Le concept de cette émission a tout d’abord fait son apparition en 2001 au Japon sous le nom de Money Tigers. L’émission a par la suite connu une grande popularité en Grande-Bretagne sous l’appellation Dragon’s Den avant d’atterrir il y a 10 ans à CBC, où le succès fut instantané. Les dragons de cette émission, dont Kevin O’Leary et Arlene Dickinson, sont vite devenus des stars à l’échelle du pays.
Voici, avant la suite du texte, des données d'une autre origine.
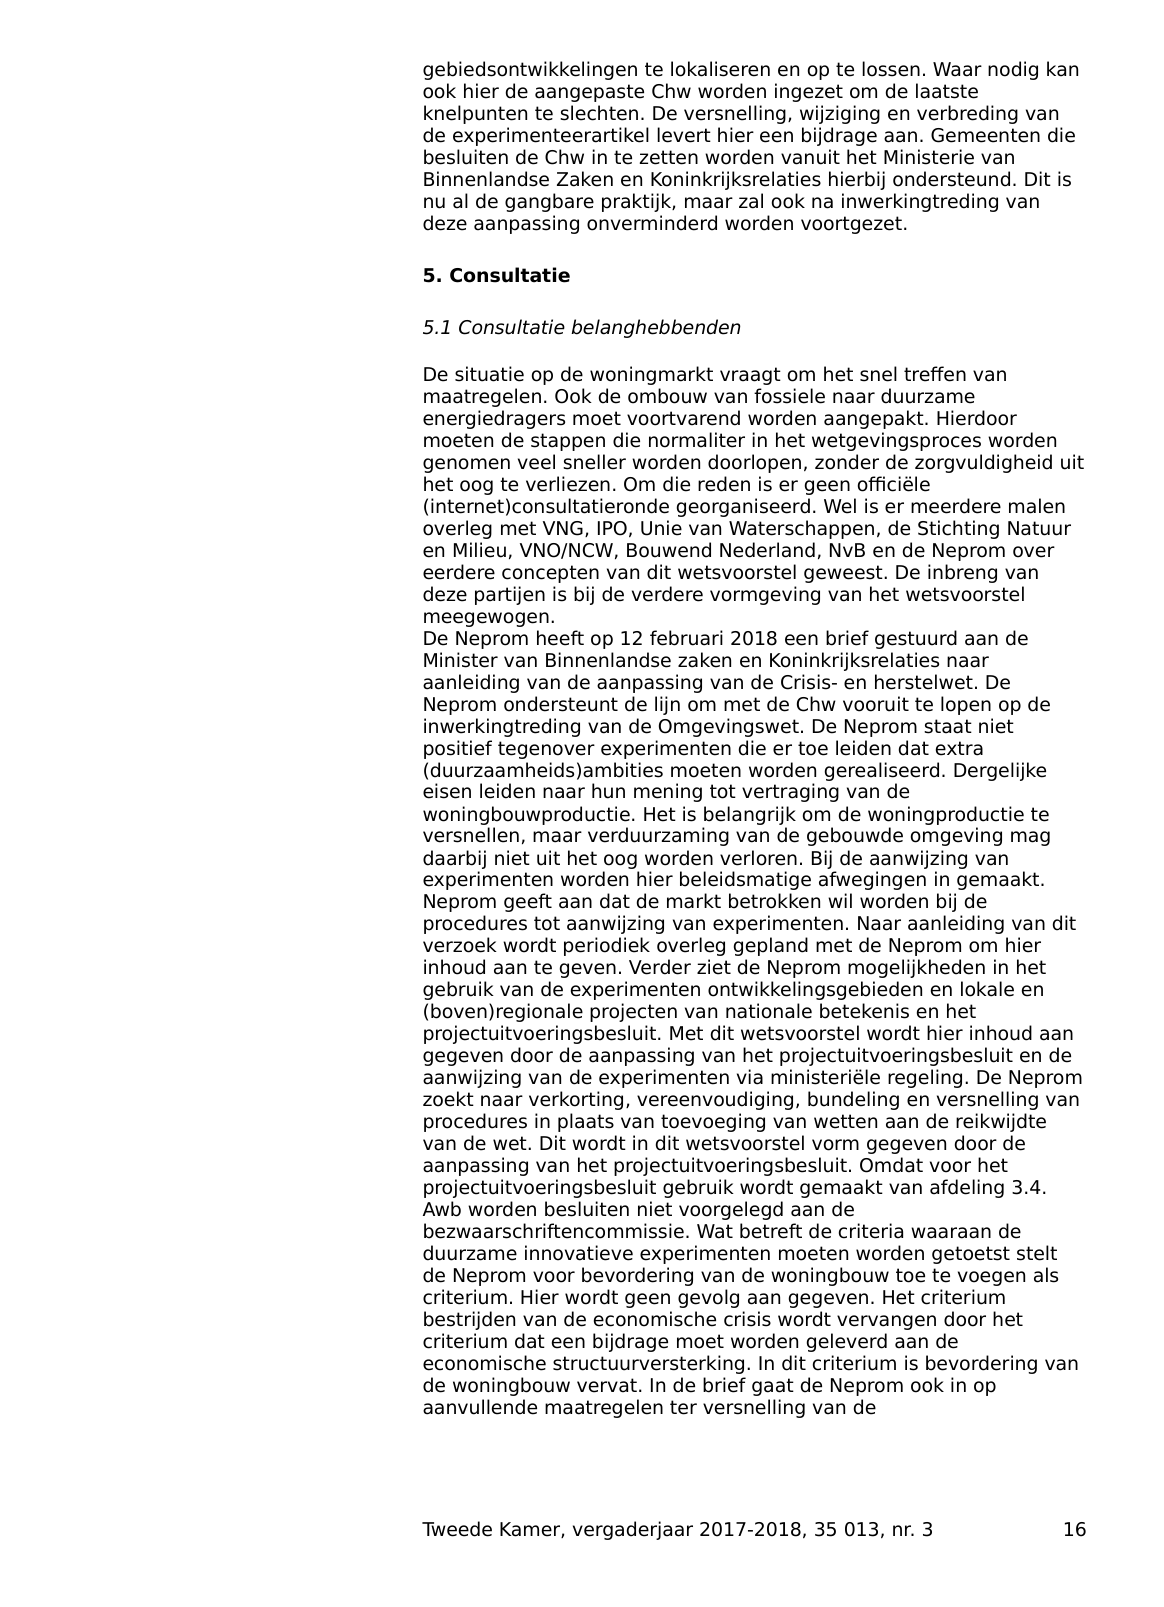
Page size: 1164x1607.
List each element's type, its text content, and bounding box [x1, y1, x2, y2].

text De situatie op de woningmarkt vraagt om het snel treffen van maatregelen. Ook de ombouw van fossiele naar duurzame energiedragers moet voortvarend worden aangepakt. Hierdoor moeten de stappen die normaliter in het wetgevingsproces worden genomen veel sneller worden doorlopen, zonder de zorgvuldigheid uit het oog te verliezen. Om die reden is er geen officiële (internet)consultatieronde georganiseerd. Wel is er meerdere malen overleg met VNG, IPO, Unie van Waterschappen, de Stichting Natuur en Milieu, VNO/NCW, Bouwend Nederland, NvB en de Neprom over eerdere concepten van dit wetsvoorstel geweest. De inbreng van deze partijen is bij de verdere vormgeving van het wetsvoorstel meegewogen. [422, 364, 1087, 628]
subtitle 5.1 Consultatie belanghebbenden [422, 317, 1087, 339]
text De Neprom heeft op 12 februari 2018 een brief gestuurd aan de Minister van Binnenlandse zaken en Koninkrijksrelaties naar aanleiding van de aanpassing van de Crisis- en herstelwet. De Neprom ondersteunt de lijn om met de Chw vooruit te lopen op de inwerkingtreding van de Omgevingswet. De Neprom staat niet positief tegenover experimenten die er toe leiden dat extra (duurzaamheids)ambities moeten worden gerealiseerd. Dergelijke eisen leiden naar hun mening tot vertraging van de woningbouwproductie. Het is belangrijk om de woningproductie te versnellen, maar verduurzaming van de gebouwde omgeving mag daarbij niet uit het oog worden verloren. Bij de aanwijzing van experimenten worden hier beleidsmatige afwegingen in gemaakt. Neprom geeft aan dat de markt betrokken wil worden bij de procedures tot aanwijzing van experimenten. Naar aanleiding van dit verzoek wordt periodiek overleg gepland met de Neprom om hier inhoud aan te geven. Verder ziet de Neprom mogelijkheden in het gebruik van de experimenten ontwikkelingsgebieden en lokale en (boven)regionale projecten van nationale betekenis en het projectuitvoeringsbesluit. Met dit wetsvoorstel wordt hier inhoud aan gegeven door de aanpassing van het projectuitvoeringsbesluit en de aanwijzing van de experimenten via ministeriële regeling. De Neprom zoekt naar verkorting, vereenvoudiging, bundeling en versnelling van procedures in plaats van toevoeging van wetten aan de reikwijdte van de wet. Dit wordt in dit wetsvoorstel vorm gegeven door de aanpassing van het projectuitvoeringsbesluit. Omdat voor het projectuitvoeringsbesluit gebruik wordt gemaakt van afdeling 3.4. Awb worden besluiten niet voorgelegd aan de bezwaarschriftencommissie. Wat betreft de criteria waaraan de duurzame innovatieve experimenten moeten worden getoetst stelt de Neprom voor bevordering van de woningbouw toe te voegen als criterium. Hier wordt geen gevolg aan gegeven. Het criterium bestrijden van de economische crisis wordt vervangen door het criterium dat een bijdrage moet worden geleverd aan de economische structuurversterking. In dit criterium is bevordering van de woningbouw vervat. In de brief gaat de Neprom ook in op aanvullende maatregelen ter versnelling van de [422, 628, 1087, 1419]
text gebiedsontwikkelingen te lokaliseren en op te lossen. Waar nodig kan ook hier de aangepaste Chw worden ingezet om de laatste knelpunten te slechten. De versnelling, wijziging en verbreding van de experimenteerartikel levert hier een bijdrage aan. Gemeenten die besluiten de Chw in te zetten worden vanuit het Ministerie van Binnenlandse Zaken en Koninkrijksrelaties hierbij ondersteund. Dit is nu al de gangbare praktijk, maar zal ook na inwerkingtreding van deze aanpassing onverminderd worden voortgezet. [422, 59, 1087, 235]
subtitle 5. Consultatie [422, 265, 1087, 287]
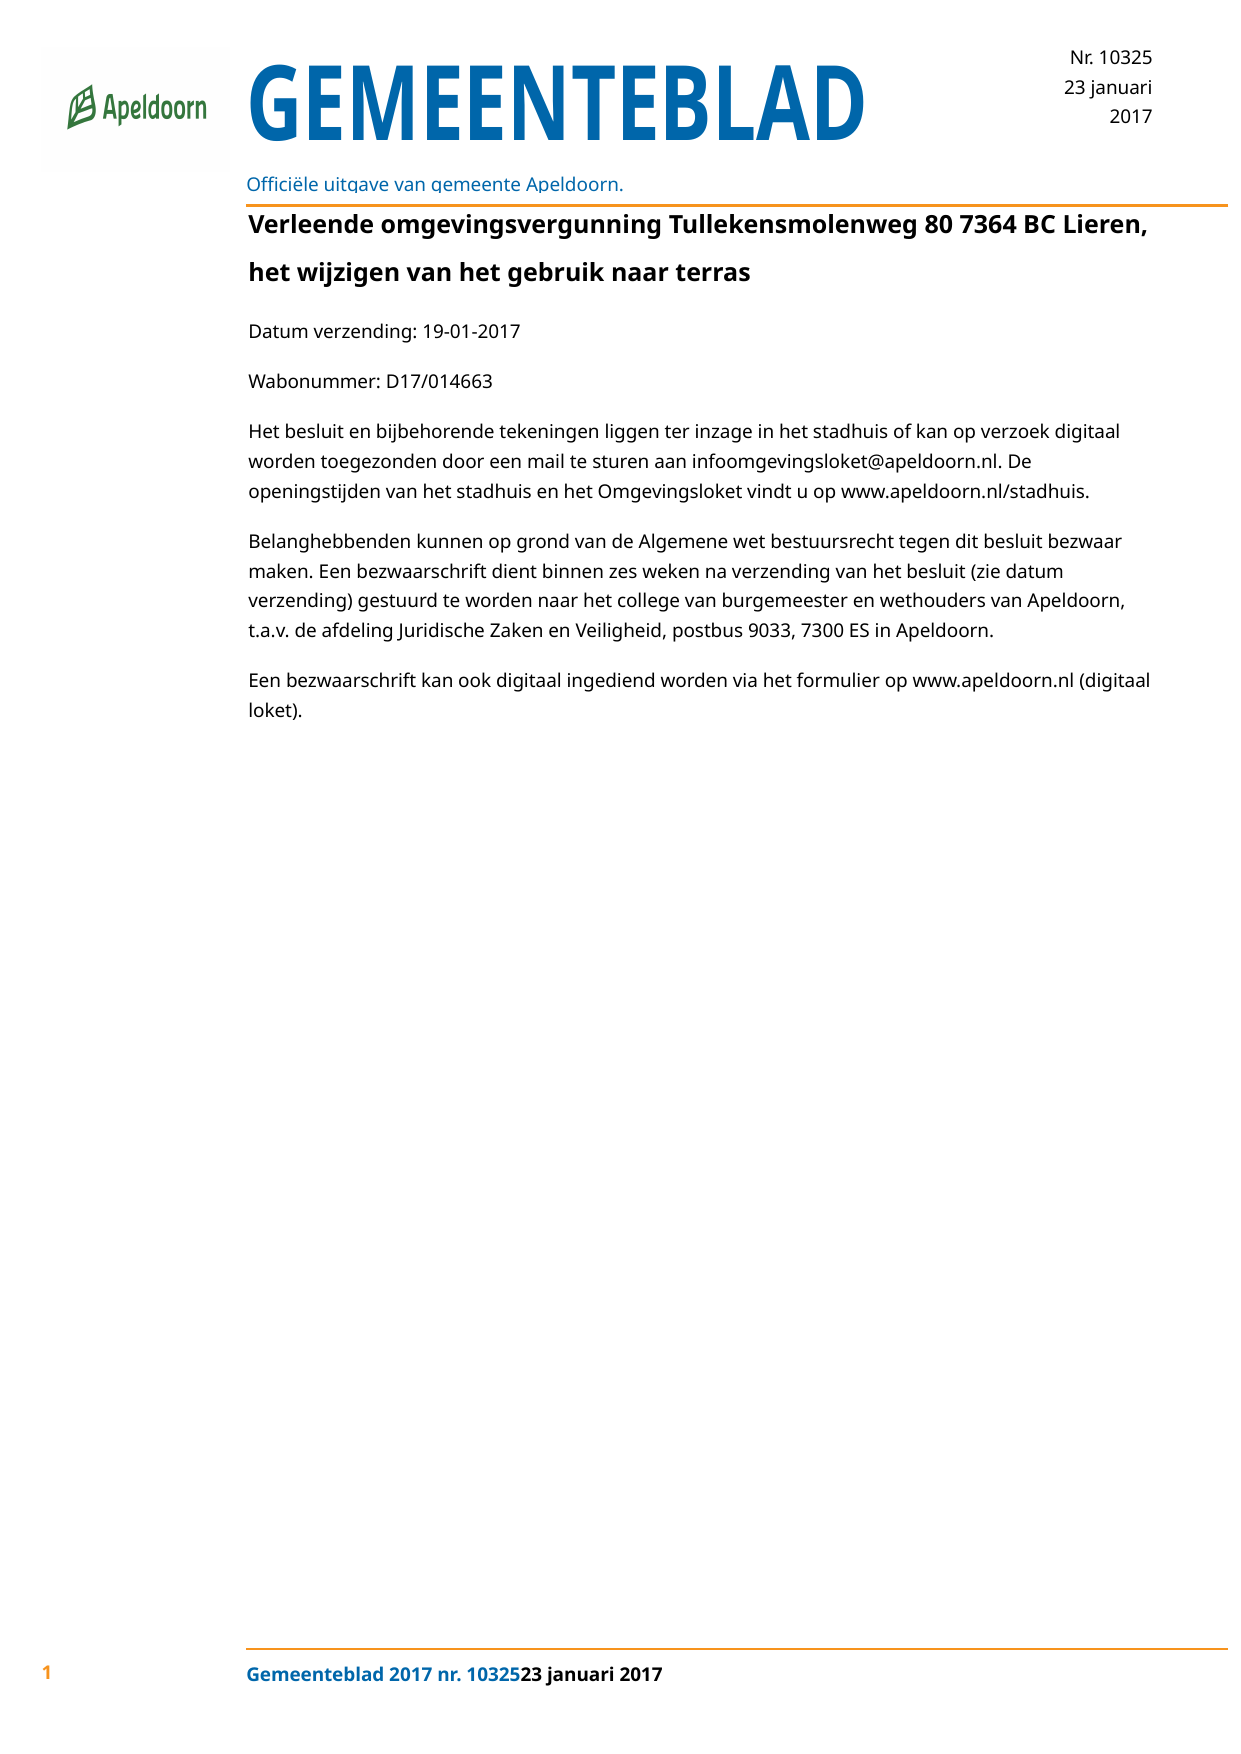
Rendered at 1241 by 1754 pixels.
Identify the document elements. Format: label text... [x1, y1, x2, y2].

text Datum verzending: 19-01-2017 [248, 318, 1152, 344]
text Verleende omgevingsvergunning Tullekensmolenweg 80 7364 BC Lieren, het wijzigen van het gebruik naar terras [248, 207, 1152, 288]
text Wabonummer: D17/014663 [248, 368, 1152, 394]
text Een bezwaarschrift kan ook digitaal ingediend worden via het formulier op www.apeldoorn.nl (digitaal loket). [248, 667, 1152, 723]
text Belanghebbenden kunnen op grond van de Algemene wet bestuursrecht tegen dit besluit bezwaar maken. Een bezwaarschrift dient binnen zes weken na verzending van het besluit (zie datum verzending) gestuurd te worden naar het college van burgemeester en wethouders van Apeldoorn, t.a.v. de afdeling Juridische Zaken en Veiligheid, postbus 9033, 7300 ES in Apeldoorn. [248, 528, 1152, 643]
text Het besluit en bijbehorende tekeningen liggen ter inzage in het stadhuis of kan op verzoek digitaal worden toegezonden door een mail te sturen aan infoomgevingsloket@apeldoorn.nl. De openingstijden van het stadhuis en het Omgevingsloket vindt u op www.apeldoorn.nl/stadhuis. [248, 419, 1152, 504]
picture [41, 47, 231, 172]
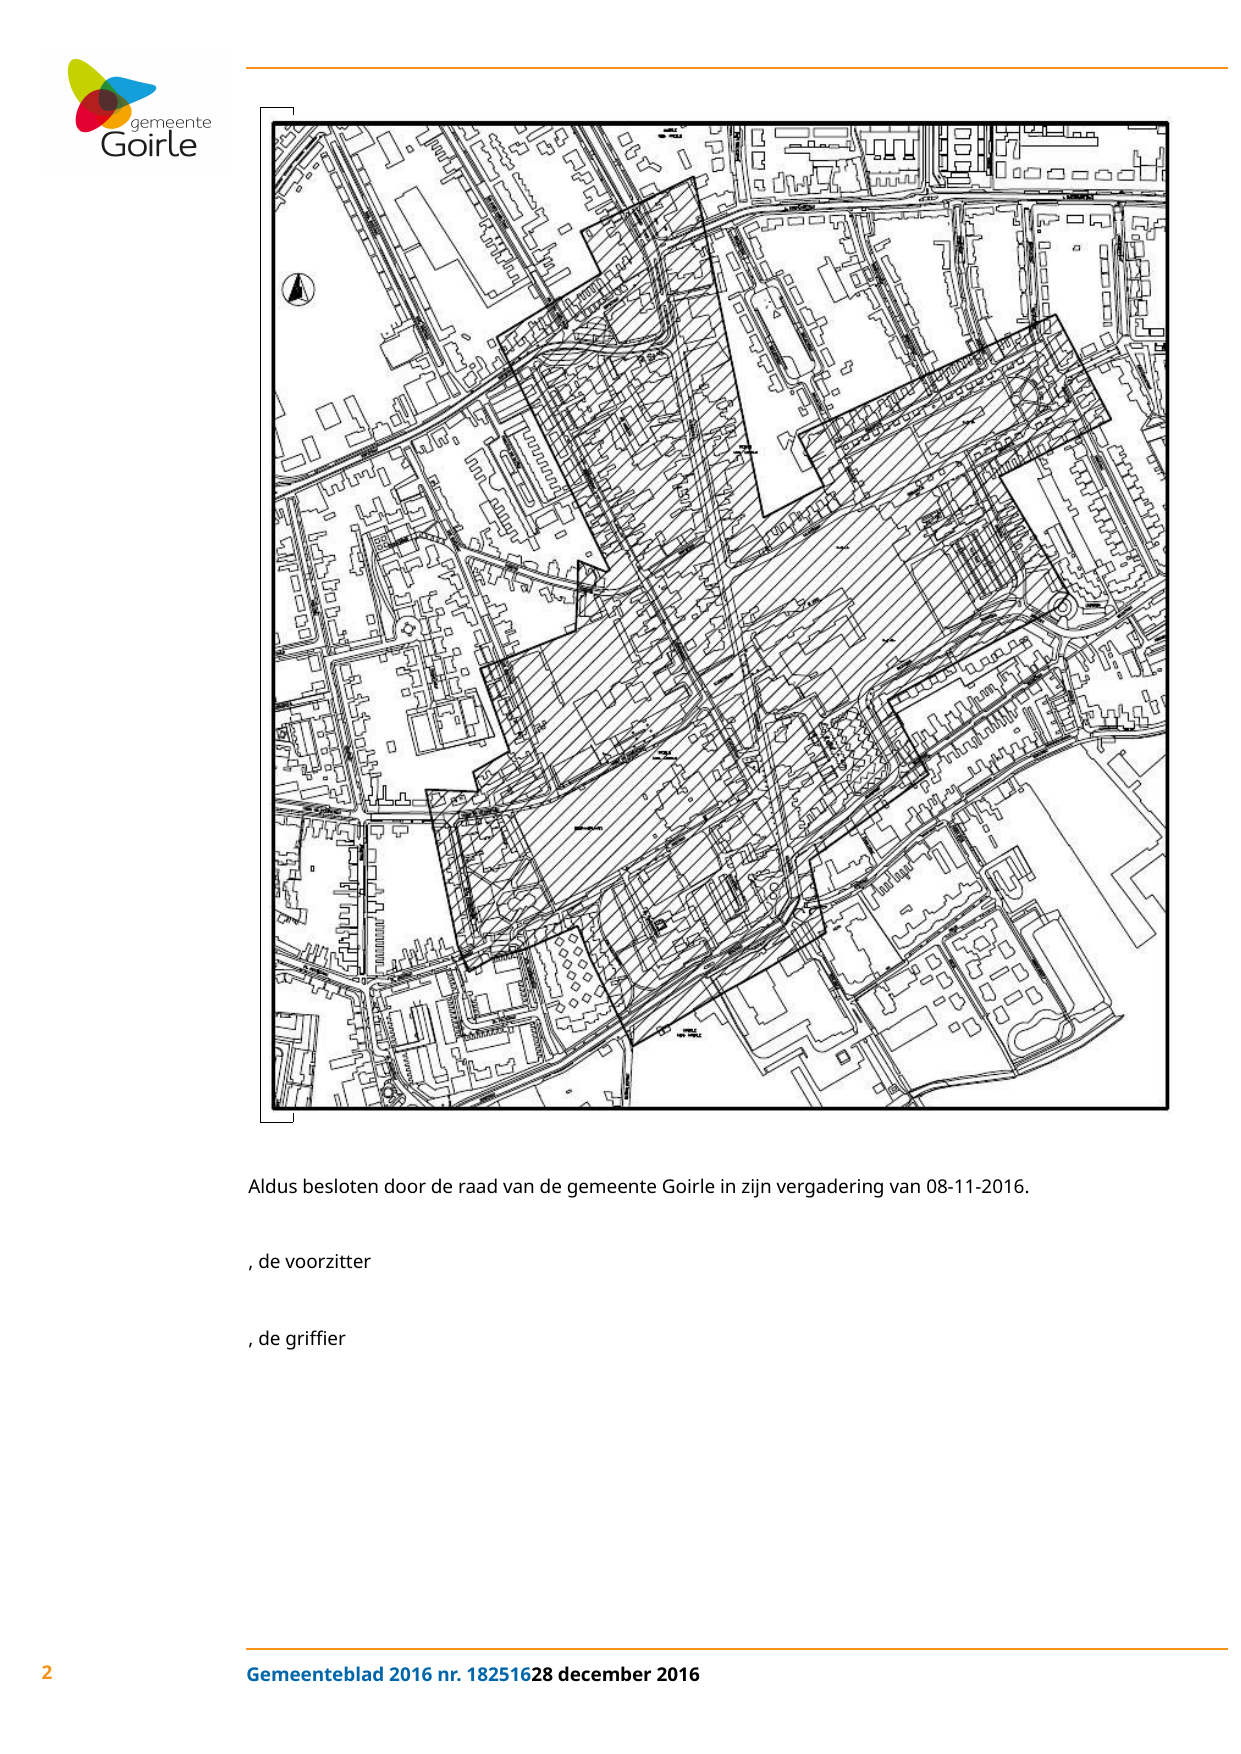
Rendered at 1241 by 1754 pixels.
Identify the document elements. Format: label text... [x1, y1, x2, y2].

text , de voorzitter [248, 1248, 1152, 1274]
text Aldus besloten door de raad van de gemeente Goirle in zijn vergadering van 08-11-2016. [248, 1173, 1152, 1199]
picture [41, 47, 231, 172]
picture [268, 115, 1173, 1113]
text , de griffier [248, 1325, 1152, 1351]

Sony Pictures, qui en possède les droits mondiaux, a multiplié les ententes partout sur la planète. L’émission se retrouve aujourd’hui dans plus de 20 pays, dont les États-Unis, où elle s’appelle Shark Tank. Le concept de base est le même partout et les producteurs locaux ne peuvent en altérer la formule. Les participants sont choisis par le producteur sans intervention des dragons. Ces derniers n’ont aucune idée des présentations qui leur seront faites et c’est ce qui contribue en grande partie au succès de l’émission.
DES ATTENTES PARFOIS IRRÉALISTES
J’ai participé à l’émission Dans l’oeil du dragon pendant trois années, en compagnie notamment de François Lambert, qui a quitté l’émission en même temps que moi, et je retiens surtout l’aspect créatif des entrepreneurs québécois, même si, dans bien des cas, leur plan d’affaires ne tient pas la route.
Pour plusieurs, avoir une offre d’un dragon est l’équivalent de gagner à la loterie. Ils ne réalisent pas qu’il s’agit d’un investissement potentiel et non d’un cadeau, et qu’ils doivent, lors d’une vérification diligente, ouvrir leurs livres et démontrer la véracité de leurs dires.
Parmi les faits cocasses, je retiens particulièrement cette offre de 40 000 $ pour 30 % des actions que j’ai faite conjointement avec Danièle Henkel à un entrepreneur du Saguenay. La première question qu’il nous a posée a été : « Avez-vous mon chèque ? » Quand nous lui avons répondu que nous devions tout d’abord visiter ses installations et vérifier ses états financiers, il était presque insulté. Pour lui, cela ne nous concernait pas. D’ailleurs, après trois rencontres, nous ne connaissions toujours pas son chiffre d’affaires, que nous estimions à moins de 20 000 $ par année. Quant à ses états financiers, il avait quelques chiffres griffonnés sur un bout de papier, le reste étant dans sa tête. Nul besoin de dire que cet investissement ne s’est jamais réalisé.
Il y a aussi ces entrepreneurs qui viennent à l’émission pour la publicité qu’ils en retirent, pour leur moment de gloire. Mais c’est l’exception, car dans l’ensemble, il s’agit d’entrepreneurs sérieux qui veulent vraiment apprendre et qui gagnent beaucoup de leur présence à l’émission. Et je leur lève mon chapeau, car il n’est pas facile de venir présenter un projet devant cinq dragons qui, souvent, les attendent avec une brique et un fanal. Plusieurs d’entre eux ont d’ailleurs la larme à l’oeil lorsqu’ils réalisent que leur rêve ne se réalisera pas parce que leur projet n’est pas au point.
Je garde un excellent souvenir de mon expérience comme dragon, laquelle m’a fait réaliser que l’entrepreneuriat est bien vivant au Québec. À preuve, les centaines de demandes de financement que j’ai reçues en dehors de l’émission et que j’ai dû refuser.
Il ne faudrait pas que la loi intraitable des cotes d’écoute ait éventuellement raison d’une émission comme celle de Dans l’oeil du dragon. Ce serait dommage, car il est important de continuer à encourager l’entrepreneuriat au Québec, ce que cette émission fait avec brio.